[Given records — start]
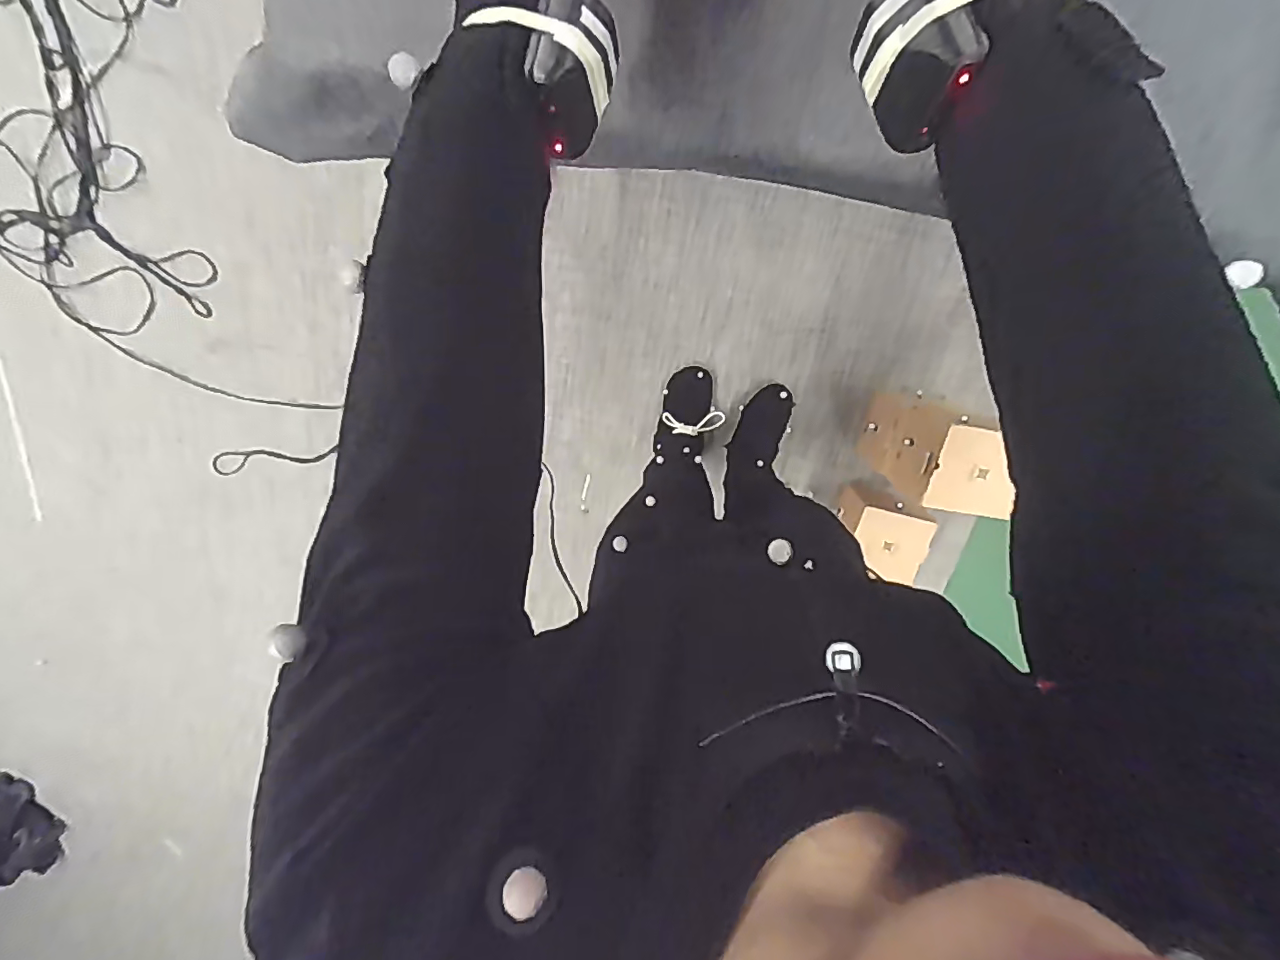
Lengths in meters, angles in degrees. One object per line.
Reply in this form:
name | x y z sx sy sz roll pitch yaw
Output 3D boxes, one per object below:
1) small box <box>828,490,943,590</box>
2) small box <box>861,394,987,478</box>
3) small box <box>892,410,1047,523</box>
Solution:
[Given records — finish]
What needs to be done: Could you restate each record word for word, keeping the pictures out?

Output of the task:
Lengths in meters, angles in degrees. One object per line.
Reply in this form:
name | x y z sx sy sz roll pitch yaw
Output 3D boxes, one per object below:
1) small box <box>828,490,943,590</box>
2) small box <box>861,394,987,478</box>
3) small box <box>892,410,1047,523</box>
Solution:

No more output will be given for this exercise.